# HELP ME SGS3



## jlinn75 (Jun 18, 2011)

I have the verizon samsung galaxy s3 paid full retail and my 14 days is Monday. Since I paid full retail there is little difference in price for me. I am also getting the NEXUS 7 tomorrow .. so it will be unlocked and rooted with JB.. Should I return the phone and wait for the DEV model.? I would prob have to get a different phone in the meantime. I dont have a backup except a DROID X with water damage... any suggestions?

TIA


----------



## fillyo (Aug 23, 2011)

Dude, you have to make this decision on your own, only you know how important an unlocked bootloader is for you. I can live with the phone as is, so if the devs unlock or get a workaround, great, otherwise, I can spend my time on more worthwhile tasks other than tinkering with my phone.


----------



## mapatton82 (Jul 24, 2011)

jlinn75 said:


> I have the verizon samsung galaxy s3 paid full retail and my 14 days is Monday. Since I paid full retail there is little difference in price for me. I am also getting the NEXUS 7 tomorrow .. so it will be unlocked and rooted with JB.. Should I return the phone and wait for the DEV model.? I would prob have to get a different phone in the meantime. I dont have a backup except a DROID X with water damage... any suggestions?
> 
> TIA


Right now you can root, rom, and threw kernels on the Verizon variant for the SGS3. Granted there a few steps in order to get it working. My 2 cents would be since you already have the phone, root it and enjoy it. I'm sure the dev community will have the bootloader unlocked or something worked out soon.
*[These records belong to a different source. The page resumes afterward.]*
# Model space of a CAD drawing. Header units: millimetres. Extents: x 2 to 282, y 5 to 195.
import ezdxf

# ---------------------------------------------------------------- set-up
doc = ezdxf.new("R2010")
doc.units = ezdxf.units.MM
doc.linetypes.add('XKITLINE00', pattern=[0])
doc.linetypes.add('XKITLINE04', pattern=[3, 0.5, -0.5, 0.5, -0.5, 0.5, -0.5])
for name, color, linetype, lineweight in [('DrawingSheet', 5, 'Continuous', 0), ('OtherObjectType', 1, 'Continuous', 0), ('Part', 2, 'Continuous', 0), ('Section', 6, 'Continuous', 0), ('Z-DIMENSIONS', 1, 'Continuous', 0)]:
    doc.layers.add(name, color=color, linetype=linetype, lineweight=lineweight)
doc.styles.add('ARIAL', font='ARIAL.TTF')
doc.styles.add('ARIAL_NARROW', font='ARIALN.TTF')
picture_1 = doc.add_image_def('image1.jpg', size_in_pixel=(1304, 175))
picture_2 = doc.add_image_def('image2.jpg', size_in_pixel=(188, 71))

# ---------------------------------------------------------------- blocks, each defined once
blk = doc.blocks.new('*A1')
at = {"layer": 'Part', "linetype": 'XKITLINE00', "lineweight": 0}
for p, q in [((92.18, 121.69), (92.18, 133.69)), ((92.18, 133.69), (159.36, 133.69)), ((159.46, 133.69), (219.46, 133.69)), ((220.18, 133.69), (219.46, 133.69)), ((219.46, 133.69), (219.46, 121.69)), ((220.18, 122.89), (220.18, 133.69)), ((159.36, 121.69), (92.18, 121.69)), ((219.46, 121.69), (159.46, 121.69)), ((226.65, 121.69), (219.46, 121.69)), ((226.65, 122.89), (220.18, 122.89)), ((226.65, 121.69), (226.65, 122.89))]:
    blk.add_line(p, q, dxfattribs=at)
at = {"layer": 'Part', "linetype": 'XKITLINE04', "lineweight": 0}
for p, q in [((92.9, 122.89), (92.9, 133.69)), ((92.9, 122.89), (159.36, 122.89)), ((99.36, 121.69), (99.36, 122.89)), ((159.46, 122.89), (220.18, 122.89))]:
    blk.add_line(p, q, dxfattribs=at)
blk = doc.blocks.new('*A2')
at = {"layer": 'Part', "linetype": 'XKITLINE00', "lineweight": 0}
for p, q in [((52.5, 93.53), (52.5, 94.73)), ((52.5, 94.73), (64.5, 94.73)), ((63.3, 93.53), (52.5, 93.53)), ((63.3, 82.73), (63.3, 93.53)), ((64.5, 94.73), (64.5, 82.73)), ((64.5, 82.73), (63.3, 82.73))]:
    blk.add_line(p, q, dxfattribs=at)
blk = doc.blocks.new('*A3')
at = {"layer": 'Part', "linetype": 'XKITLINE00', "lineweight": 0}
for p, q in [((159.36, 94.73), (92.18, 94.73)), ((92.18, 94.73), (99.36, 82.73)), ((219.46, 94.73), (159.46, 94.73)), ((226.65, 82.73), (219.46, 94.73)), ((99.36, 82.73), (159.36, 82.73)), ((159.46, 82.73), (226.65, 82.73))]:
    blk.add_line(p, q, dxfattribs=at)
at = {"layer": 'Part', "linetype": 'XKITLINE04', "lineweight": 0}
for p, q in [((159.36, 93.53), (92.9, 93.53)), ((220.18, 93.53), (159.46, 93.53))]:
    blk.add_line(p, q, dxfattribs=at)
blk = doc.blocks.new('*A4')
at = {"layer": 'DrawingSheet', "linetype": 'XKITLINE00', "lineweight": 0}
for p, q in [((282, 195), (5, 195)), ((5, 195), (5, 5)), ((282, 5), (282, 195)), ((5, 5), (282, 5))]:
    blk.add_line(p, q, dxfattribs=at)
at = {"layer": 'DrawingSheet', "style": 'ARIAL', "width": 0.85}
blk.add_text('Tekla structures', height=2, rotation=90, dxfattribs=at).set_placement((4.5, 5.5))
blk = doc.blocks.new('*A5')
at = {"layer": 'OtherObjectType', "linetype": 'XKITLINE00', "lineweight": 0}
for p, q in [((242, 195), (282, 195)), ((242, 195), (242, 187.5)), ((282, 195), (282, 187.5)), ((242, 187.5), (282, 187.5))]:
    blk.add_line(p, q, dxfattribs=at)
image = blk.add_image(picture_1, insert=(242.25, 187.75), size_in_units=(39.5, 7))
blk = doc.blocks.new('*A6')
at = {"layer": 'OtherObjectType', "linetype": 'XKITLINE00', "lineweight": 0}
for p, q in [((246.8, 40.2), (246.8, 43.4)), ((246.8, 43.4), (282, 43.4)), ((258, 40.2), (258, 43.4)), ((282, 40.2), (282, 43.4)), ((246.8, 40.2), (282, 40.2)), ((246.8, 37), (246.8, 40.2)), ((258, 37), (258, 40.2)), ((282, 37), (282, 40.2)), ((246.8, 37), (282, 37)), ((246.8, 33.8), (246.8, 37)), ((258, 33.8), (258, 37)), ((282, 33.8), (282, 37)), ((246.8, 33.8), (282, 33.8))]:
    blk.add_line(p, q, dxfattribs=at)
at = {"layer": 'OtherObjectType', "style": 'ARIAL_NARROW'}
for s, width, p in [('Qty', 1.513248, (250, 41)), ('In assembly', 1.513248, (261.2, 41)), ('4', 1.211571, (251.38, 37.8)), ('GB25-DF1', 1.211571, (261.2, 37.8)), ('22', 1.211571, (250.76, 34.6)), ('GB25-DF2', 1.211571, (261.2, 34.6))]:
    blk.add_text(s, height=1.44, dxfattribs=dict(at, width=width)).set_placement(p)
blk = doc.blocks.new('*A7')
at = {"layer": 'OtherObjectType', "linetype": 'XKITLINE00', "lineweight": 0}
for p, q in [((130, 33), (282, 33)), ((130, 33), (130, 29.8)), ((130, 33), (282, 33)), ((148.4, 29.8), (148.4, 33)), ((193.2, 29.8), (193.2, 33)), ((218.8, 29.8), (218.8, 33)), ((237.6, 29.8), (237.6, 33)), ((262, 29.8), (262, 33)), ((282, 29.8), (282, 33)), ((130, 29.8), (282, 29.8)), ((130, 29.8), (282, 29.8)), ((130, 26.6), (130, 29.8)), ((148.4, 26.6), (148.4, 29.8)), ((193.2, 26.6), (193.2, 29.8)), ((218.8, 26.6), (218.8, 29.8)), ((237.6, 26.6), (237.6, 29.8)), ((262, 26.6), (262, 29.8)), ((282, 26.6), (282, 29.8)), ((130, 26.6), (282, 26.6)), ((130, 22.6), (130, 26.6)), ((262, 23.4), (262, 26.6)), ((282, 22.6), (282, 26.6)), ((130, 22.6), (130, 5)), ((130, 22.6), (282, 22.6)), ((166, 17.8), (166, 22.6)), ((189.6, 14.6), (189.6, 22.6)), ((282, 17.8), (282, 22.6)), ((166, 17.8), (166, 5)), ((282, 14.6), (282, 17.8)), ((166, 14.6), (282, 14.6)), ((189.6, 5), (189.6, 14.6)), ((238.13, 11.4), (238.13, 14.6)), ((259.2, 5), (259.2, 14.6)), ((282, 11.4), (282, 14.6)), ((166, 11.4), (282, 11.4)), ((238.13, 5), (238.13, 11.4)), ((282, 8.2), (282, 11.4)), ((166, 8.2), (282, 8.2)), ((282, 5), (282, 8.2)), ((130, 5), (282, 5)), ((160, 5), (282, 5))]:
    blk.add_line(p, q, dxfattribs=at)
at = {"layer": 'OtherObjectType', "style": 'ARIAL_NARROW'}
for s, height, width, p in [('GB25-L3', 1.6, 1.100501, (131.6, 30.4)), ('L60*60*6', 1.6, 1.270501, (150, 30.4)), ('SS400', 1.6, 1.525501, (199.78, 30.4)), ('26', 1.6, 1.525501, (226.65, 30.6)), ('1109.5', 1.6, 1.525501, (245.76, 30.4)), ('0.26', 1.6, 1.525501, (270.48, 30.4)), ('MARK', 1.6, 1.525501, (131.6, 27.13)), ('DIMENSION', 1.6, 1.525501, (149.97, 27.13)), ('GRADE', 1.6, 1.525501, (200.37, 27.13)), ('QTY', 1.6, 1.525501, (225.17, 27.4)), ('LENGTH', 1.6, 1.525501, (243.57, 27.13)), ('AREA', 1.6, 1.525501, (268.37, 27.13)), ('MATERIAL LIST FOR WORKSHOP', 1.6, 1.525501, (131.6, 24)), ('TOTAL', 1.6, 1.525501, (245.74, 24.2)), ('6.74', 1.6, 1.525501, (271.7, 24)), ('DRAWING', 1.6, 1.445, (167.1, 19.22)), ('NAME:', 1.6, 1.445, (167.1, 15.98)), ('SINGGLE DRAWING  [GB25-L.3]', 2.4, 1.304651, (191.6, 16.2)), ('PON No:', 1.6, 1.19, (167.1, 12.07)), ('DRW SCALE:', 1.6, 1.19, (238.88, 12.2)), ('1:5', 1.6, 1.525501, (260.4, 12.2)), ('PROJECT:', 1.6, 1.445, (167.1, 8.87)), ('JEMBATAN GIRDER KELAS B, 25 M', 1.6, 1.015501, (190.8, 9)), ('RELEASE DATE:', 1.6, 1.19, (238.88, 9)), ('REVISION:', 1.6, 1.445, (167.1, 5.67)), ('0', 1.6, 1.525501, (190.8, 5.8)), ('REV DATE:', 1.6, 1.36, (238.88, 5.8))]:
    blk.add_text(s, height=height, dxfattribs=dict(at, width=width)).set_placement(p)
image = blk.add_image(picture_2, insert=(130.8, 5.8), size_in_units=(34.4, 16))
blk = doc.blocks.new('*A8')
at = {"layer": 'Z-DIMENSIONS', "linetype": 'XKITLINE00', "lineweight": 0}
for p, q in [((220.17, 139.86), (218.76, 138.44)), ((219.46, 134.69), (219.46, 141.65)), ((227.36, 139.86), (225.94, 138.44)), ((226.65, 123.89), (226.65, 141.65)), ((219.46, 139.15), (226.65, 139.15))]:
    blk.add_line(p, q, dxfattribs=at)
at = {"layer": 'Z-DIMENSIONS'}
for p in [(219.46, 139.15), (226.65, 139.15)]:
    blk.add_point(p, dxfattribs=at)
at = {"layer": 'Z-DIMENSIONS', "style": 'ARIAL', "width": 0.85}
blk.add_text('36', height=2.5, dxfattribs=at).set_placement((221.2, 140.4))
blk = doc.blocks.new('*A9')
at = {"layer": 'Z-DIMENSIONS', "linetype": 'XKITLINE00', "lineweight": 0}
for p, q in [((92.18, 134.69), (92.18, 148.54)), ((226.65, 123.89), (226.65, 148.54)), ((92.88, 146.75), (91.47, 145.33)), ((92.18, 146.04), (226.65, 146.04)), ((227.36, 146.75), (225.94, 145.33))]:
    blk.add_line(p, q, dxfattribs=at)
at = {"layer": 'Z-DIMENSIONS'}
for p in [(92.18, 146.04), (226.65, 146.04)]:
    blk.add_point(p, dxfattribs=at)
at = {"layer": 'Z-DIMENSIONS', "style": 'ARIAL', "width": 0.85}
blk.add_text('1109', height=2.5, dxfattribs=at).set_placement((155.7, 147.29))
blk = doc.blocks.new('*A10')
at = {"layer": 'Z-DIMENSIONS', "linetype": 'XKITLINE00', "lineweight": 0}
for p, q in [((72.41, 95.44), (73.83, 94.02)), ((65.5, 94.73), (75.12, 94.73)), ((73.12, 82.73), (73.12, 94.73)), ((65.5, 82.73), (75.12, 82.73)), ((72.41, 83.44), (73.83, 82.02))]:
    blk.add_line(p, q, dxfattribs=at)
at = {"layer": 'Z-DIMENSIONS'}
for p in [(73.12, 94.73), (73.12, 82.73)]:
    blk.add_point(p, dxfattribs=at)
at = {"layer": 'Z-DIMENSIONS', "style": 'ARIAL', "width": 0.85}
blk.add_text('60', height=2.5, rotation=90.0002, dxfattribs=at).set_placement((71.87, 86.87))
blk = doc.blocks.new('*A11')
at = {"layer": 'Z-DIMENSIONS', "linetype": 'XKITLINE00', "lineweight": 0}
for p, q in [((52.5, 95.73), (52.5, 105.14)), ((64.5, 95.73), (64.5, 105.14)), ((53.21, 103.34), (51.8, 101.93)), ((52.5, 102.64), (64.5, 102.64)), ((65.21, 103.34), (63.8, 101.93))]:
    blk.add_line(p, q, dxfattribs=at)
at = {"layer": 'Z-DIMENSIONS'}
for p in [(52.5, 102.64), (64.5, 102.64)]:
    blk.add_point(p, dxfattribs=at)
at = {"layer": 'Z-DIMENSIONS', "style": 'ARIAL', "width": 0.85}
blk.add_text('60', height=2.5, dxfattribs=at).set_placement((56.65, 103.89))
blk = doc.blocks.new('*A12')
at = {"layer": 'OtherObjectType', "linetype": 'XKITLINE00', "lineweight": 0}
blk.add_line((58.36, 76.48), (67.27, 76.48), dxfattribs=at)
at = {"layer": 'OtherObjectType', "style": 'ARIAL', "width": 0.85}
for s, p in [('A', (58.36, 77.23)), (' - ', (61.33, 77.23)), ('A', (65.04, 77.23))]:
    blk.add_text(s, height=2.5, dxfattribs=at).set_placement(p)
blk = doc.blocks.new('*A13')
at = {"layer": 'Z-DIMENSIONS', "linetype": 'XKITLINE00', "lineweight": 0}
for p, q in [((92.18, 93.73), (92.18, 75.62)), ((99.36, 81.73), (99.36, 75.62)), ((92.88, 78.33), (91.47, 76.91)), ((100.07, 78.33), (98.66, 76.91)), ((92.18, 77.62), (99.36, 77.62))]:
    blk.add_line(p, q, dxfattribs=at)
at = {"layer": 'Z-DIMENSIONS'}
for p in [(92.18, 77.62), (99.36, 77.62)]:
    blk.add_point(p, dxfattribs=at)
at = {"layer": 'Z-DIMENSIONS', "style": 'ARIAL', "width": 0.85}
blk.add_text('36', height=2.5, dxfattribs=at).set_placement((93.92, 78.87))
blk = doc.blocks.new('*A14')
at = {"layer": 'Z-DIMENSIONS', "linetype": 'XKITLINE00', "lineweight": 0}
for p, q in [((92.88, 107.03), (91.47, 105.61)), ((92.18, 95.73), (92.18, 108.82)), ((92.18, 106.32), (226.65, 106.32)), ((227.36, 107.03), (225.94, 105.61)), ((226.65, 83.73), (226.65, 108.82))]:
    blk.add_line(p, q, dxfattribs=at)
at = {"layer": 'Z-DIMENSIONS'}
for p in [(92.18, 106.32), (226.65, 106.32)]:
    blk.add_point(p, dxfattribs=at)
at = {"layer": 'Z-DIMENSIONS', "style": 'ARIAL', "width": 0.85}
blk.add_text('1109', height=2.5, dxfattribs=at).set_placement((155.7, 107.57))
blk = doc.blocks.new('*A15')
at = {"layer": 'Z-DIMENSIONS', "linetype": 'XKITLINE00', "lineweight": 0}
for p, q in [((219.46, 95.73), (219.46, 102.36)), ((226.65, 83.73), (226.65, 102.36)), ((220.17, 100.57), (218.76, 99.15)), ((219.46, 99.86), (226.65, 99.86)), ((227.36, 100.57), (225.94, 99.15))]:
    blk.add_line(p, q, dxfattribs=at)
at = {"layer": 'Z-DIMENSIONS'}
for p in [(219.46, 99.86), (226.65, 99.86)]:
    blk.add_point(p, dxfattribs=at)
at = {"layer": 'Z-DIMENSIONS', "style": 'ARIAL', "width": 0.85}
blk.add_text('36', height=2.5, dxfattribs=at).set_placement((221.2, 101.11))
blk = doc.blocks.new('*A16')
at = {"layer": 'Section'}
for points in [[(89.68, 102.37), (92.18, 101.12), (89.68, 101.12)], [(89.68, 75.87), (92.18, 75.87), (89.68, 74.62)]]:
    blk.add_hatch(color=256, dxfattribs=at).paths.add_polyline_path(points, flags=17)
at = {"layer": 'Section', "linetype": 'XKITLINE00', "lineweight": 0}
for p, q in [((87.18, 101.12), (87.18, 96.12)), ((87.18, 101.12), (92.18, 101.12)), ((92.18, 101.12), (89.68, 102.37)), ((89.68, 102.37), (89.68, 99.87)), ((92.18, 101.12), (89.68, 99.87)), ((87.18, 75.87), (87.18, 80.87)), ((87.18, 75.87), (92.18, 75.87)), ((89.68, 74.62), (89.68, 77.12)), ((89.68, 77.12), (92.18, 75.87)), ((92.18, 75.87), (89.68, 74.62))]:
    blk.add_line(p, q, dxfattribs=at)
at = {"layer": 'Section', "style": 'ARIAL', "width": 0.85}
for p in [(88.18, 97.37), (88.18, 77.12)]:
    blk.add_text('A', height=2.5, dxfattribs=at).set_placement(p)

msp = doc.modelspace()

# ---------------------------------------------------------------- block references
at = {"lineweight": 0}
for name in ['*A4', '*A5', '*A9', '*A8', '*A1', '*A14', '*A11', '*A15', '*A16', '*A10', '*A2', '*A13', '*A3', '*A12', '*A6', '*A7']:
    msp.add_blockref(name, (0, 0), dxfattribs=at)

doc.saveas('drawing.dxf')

But ultimatly the decision is yours!!


----------



## Art Vandelay (Jan 4, 2012)

If I were you I would return it and wait for the dev one. The price is going to be the same.

But if you are fine with it being locked just keep it.

I am personally waiting til/if the BL gets unlocked before I make the purchase.

Sent from my Galaxy Nexus using RootzWiki


----------



## johnomaz (Jul 18, 2011)

I was upset (still am really) about the locked bootloader but I am also seeing a lot of work done in the VZW S3. More than many of the other variants. Honestly, I'm happy with my phone and am keeping it. The dev phone would be nice but considering how many people have the locked phone and how few will have the dev phone, support will be great, in my opinion, for the locked phone.


----------



## jlinn75 (Jun 18, 2011)

Thanks everyone.. I am going to keep it.. too much hassle to return and wait and then try to find a phone in the meantime


----------